(Items from a data source)
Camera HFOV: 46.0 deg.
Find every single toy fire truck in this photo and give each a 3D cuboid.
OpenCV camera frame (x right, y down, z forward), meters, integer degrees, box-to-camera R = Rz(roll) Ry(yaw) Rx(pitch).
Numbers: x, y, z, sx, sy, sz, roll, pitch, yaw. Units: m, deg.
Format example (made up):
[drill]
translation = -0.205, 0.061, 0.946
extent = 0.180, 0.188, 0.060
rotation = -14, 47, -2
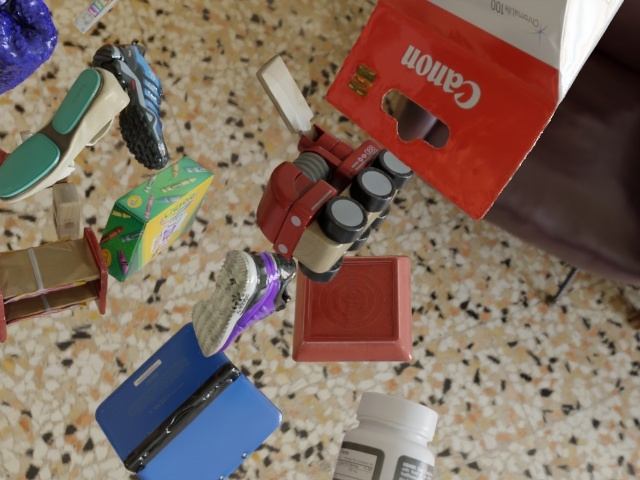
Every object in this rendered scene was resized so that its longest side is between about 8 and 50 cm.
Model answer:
[toy fire truck]
translation = -0.017, -0.105, 1.022
extent = 0.246, 0.158, 0.217
rotation = 37, 47, 8

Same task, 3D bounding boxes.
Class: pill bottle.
[pill bottle]
translation = 0.099, 0.410, 1.253
extent = 0.161, 0.161, 0.283
rotation = 20, 72, -9

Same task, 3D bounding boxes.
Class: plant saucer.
[plant saucer]
translation = 0.069, 0.136, 1.646
extent = 0.258, 0.048, 0.259
rotation = -2, 58, 7

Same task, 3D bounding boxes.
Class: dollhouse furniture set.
[dollhouse furniture set]
translation = -0.552, -0.022, 1.432
extent = 0.201, 0.152, 0.374
rotation = -13, 59, -27

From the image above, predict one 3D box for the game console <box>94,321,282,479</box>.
[game console]
translation = -0.277, 0.368, 1.585
extent = 0.293, 0.173, 0.250
rotation = -43, 53, -7

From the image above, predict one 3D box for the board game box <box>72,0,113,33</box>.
[board game box]
translation = -0.365, -0.437, 1.327
extent = 0.026, 0.154, 0.103
rotation = 45, 46, -21

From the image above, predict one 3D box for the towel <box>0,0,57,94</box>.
[towel]
translation = -0.320, -0.217, 0.599
extent = 0.076, 0.308, 0.228
rotation = -45, 115, -26

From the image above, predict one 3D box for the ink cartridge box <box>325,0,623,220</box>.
[ink cartridge box]
translation = 0.139, -0.261, 0.737
extent = 0.091, 0.385, 0.308
rotation = 14, 23, -41

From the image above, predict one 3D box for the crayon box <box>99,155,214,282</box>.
[crayon box]
translation = -0.344, -0.051, 1.577
extent = 0.081, 0.165, 0.278
rotation = 33, 33, 5

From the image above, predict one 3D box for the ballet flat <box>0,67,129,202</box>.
[ballet flat]
translation = -0.378, -0.144, 1.120
extent = 0.086, 0.086, 0.248
rotation = 44, 95, 4

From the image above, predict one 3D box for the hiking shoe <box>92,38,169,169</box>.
[hiking shoe]
translation = -0.403, -0.316, 1.743
extent = 0.132, 0.113, 0.304
rotation = -31, 105, -46

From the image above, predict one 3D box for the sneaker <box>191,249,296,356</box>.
[sneaker]
translation = -0.128, 0.116, 1.359
extent = 0.146, 0.293, 0.102
rotation = -7, 61, -35
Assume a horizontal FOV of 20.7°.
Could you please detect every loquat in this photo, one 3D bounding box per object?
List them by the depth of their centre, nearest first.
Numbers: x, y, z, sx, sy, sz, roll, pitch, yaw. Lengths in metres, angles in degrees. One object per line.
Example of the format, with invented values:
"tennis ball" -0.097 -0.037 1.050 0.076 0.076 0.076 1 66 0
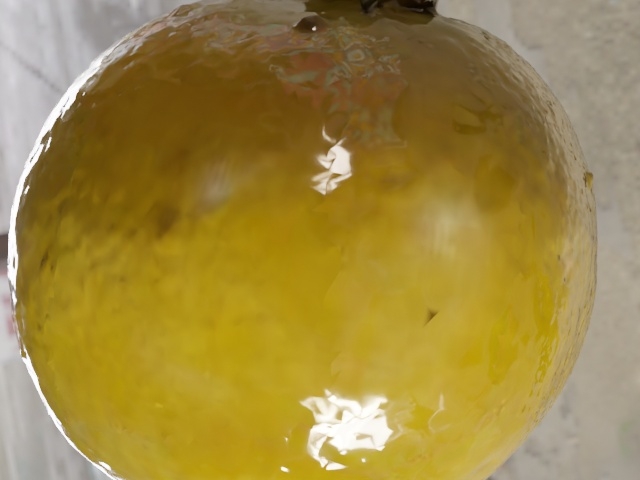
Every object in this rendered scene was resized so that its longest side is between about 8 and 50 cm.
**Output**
"loquat" 0.000 0.000 0.798 0.275 0.275 0.275 170 90 -72
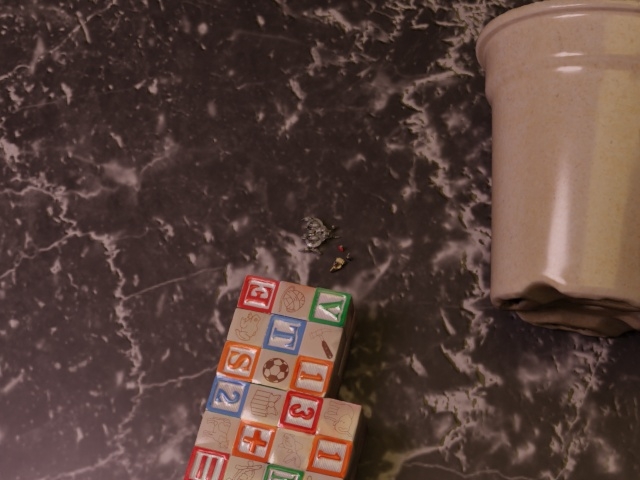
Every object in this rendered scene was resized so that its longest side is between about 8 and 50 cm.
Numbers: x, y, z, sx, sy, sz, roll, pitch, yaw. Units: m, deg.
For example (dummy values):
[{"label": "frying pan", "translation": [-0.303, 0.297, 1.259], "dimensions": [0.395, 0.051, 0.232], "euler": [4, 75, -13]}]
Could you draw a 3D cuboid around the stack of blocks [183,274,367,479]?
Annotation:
[{"label": "stack of blocks", "translation": [-0.037, 0.201, 1.475], "dimensions": [0.171, 0.087, 0.297], "euler": [10, 66, 11]}]

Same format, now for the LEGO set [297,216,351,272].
[{"label": "LEGO set", "translation": [0.003, -0.001, 1.602], "dimensions": [0.083, 0.023, 0.054], "euler": [32, 72, 19]}]

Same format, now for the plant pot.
[{"label": "plant pot", "translation": [0.318, -0.060, 1.458], "dimensions": [0.334, 0.334, 0.305], "euler": [7, 77, 10]}]
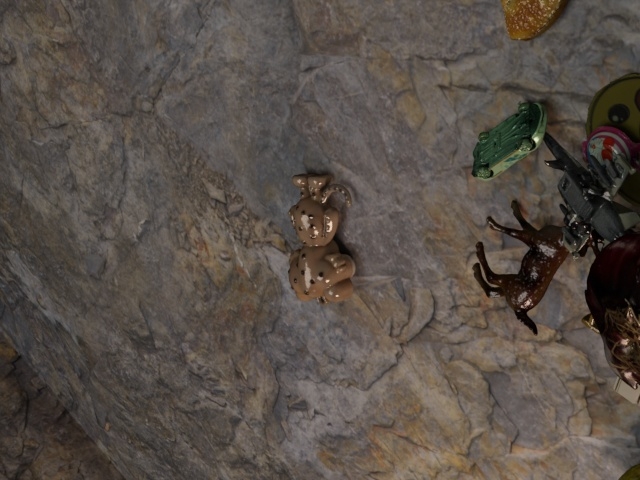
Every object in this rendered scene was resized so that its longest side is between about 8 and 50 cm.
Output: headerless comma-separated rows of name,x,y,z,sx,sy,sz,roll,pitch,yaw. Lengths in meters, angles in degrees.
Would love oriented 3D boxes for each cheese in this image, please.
cheese,0.470,-0.131,1.729,0.145,0.038,0.095,11,120,46

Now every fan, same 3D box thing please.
fan,0.533,-0.161,1.682,0.335,0.011,0.230,-29,90,52

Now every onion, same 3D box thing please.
onion,0.530,0.113,1.584,0.314,0.232,0.314,49,163,21

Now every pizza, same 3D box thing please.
pizza,0.331,-0.399,1.729,0.134,0.046,0.175,52,139,10

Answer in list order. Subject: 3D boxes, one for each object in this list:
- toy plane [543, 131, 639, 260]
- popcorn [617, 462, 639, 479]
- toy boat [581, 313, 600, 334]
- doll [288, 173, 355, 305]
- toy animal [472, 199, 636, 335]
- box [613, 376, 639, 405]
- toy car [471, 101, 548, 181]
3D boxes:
toy plane,0.403,-0.085,1.736,0.262,0.088,0.192,54,137,33
popcorn,0.568,0.480,1.875,0.198,0.212,0.198,44,160,20
toy boat,0.560,0.185,1.773,0.321,0.121,0.089,35,128,28
doll,-0.002,-0.001,2.273,0.154,0.119,0.278,16,113,39
toy animal,0.389,0.029,1.859,0.260,0.087,0.244,35,114,37
box,0.593,0.259,1.851,0.198,0.029,0.109,32,132,29
toy car,0.322,-0.161,1.857,0.058,0.093,0.186,24,145,-23

**Problem to solve**
Once the pictures are removed, repeat all of the data above exactly.

**Your response**
Camera HFOV: 46.0 deg.
Find every single toy fire truck in this photo and give each a 3D cuboid.
OpenCV camera frame (x right, y down, z forward), meters, integer degrees, box-to-camera R = Rz(roll) Ry(yaw) Rx(pitch).
Numbers: x, y, z, sx, sy, sz, roll, pitch, yaw. Units: m, deg.
Format example (made up):
[drill]
translation = -0.205, 0.061, 0.946
extent = 0.180, 0.188, 0.060
rotation = -14, 47, -2
Every object in this rendered scene was resized so that its longest side is between about 8 and 50 cm.
Model answer:
[toy fire truck]
translation = -0.017, -0.105, 1.022
extent = 0.246, 0.158, 0.217
rotation = 37, 47, 8

Same task, 3D bounding boxes.
Class: pill bottle.
[pill bottle]
translation = 0.099, 0.410, 1.253
extent = 0.161, 0.161, 0.283
rotation = 20, 72, -9

Same task, 3D bounding boxes.
Class: plant saucer.
[plant saucer]
translation = 0.069, 0.136, 1.646
extent = 0.258, 0.048, 0.259
rotation = -2, 58, 7

Same task, 3D bounding boxes.
Class: dollhouse furniture set.
[dollhouse furniture set]
translation = -0.552, -0.022, 1.432
extent = 0.201, 0.152, 0.374
rotation = -13, 59, -27

From the image above, predict one 3D box for the game console <box>94,321,282,479</box>.
[game console]
translation = -0.277, 0.368, 1.585
extent = 0.293, 0.173, 0.250
rotation = -43, 53, -7

From the image above, predict one 3D box for the board game box <box>72,0,113,33</box>.
[board game box]
translation = -0.365, -0.437, 1.327
extent = 0.026, 0.154, 0.103
rotation = 45, 46, -21

From the image above, predict one 3D box for the towel <box>0,0,57,94</box>.
[towel]
translation = -0.320, -0.217, 0.599
extent = 0.076, 0.308, 0.228
rotation = -45, 115, -26

From the image above, predict one 3D box for the ink cartridge box <box>325,0,623,220</box>.
[ink cartridge box]
translation = 0.139, -0.261, 0.737
extent = 0.091, 0.385, 0.308
rotation = 14, 23, -41

From the image above, predict one 3D box for the crayon box <box>99,155,214,282</box>.
[crayon box]
translation = -0.344, -0.051, 1.577
extent = 0.081, 0.165, 0.278
rotation = 33, 33, 5

From the image above, predict one 3D box for the ballet flat <box>0,67,129,202</box>.
[ballet flat]
translation = -0.378, -0.144, 1.120
extent = 0.086, 0.086, 0.248
rotation = 44, 95, 4

From the image above, predict one 3D box for the hiking shoe <box>92,38,169,169</box>.
[hiking shoe]
translation = -0.403, -0.316, 1.743
extent = 0.132, 0.113, 0.304
rotation = -31, 105, -46

From the image above, predict one 3D box for the sneaker <box>191,249,296,356</box>.
[sneaker]
translation = -0.128, 0.116, 1.359
extent = 0.146, 0.293, 0.102
rotation = -7, 61, -35
Assume a horizontal FOV of 20.7°.
Could you please detect every loquat in this photo, one 3D bounding box per object?
List them by the depth of their centre, nearest first.
Numbers: x, y, z, sx, sy, sz, roll, pitch, yaw. Lengths in metres, angles in degrees. One object per line.
Example of the format, with invented values:
"tennis ball" -0.097 -0.037 1.050 0.076 0.076 0.076 1 66 0
Every object in this rendered scene was resized so that its longest side is between about 8 and 50 cm.
**Output**
"loquat" 0.000 0.000 0.798 0.275 0.275 0.275 170 90 -72
Every object in this rendered scene was resized so that its longest side is between about 8 and 50 cm.
Numbers: x, y, z, sx, sy, sz, roll, pitch, yaw. Units: m, deg.
For example (dummy values):
[{"label": "frying pan", "translation": [-0.303, 0.297, 1.259], "dimensions": [0.395, 0.051, 0.232], "euler": [4, 75, -13]}]
Could you draw a 3D cuboid around the stack of blocks [183,274,367,479]?
Annotation:
[{"label": "stack of blocks", "translation": [-0.037, 0.201, 1.475], "dimensions": [0.171, 0.087, 0.297], "euler": [10, 66, 11]}]

Same format, now for the LEGO set [297,216,351,272].
[{"label": "LEGO set", "translation": [0.003, -0.001, 1.602], "dimensions": [0.083, 0.023, 0.054], "euler": [32, 72, 19]}]

Same format, now for the plant pot.
[{"label": "plant pot", "translation": [0.318, -0.060, 1.458], "dimensions": [0.334, 0.334, 0.305], "euler": [7, 77, 10]}]
Every object in this rendered scene was resized so that its longest side is between about 8 and 50 cm.
Output: headerless comma-separated rows of name,x,y,z,sx,sy,sz,roll,pitch,yaw. Lengths in meters, angles in degrees.
Would love oriented 3D boxes for each cheese in this image, please.
cheese,0.470,-0.131,1.729,0.145,0.038,0.095,11,120,46

Now every fan, same 3D box thing please.
fan,0.533,-0.161,1.682,0.335,0.011,0.230,-29,90,52

Now every onion, same 3D box thing please.
onion,0.530,0.113,1.584,0.314,0.232,0.314,49,163,21

Now every pizza, same 3D box thing please.
pizza,0.331,-0.399,1.729,0.134,0.046,0.175,52,139,10

Answer in list order. Subject: 3D boxes, one for each object in this list:
- toy plane [543, 131, 639, 260]
- popcorn [617, 462, 639, 479]
- toy boat [581, 313, 600, 334]
- doll [288, 173, 355, 305]
- toy animal [472, 199, 636, 335]
- box [613, 376, 639, 405]
- toy car [471, 101, 548, 181]
3D boxes:
toy plane,0.403,-0.085,1.736,0.262,0.088,0.192,54,137,33
popcorn,0.568,0.480,1.875,0.198,0.212,0.198,44,160,20
toy boat,0.560,0.185,1.773,0.321,0.121,0.089,35,128,28
doll,-0.002,-0.001,2.273,0.154,0.119,0.278,16,113,39
toy animal,0.389,0.029,1.859,0.260,0.087,0.244,35,114,37
box,0.593,0.259,1.851,0.198,0.029,0.109,32,132,29
toy car,0.322,-0.161,1.857,0.058,0.093,0.186,24,145,-23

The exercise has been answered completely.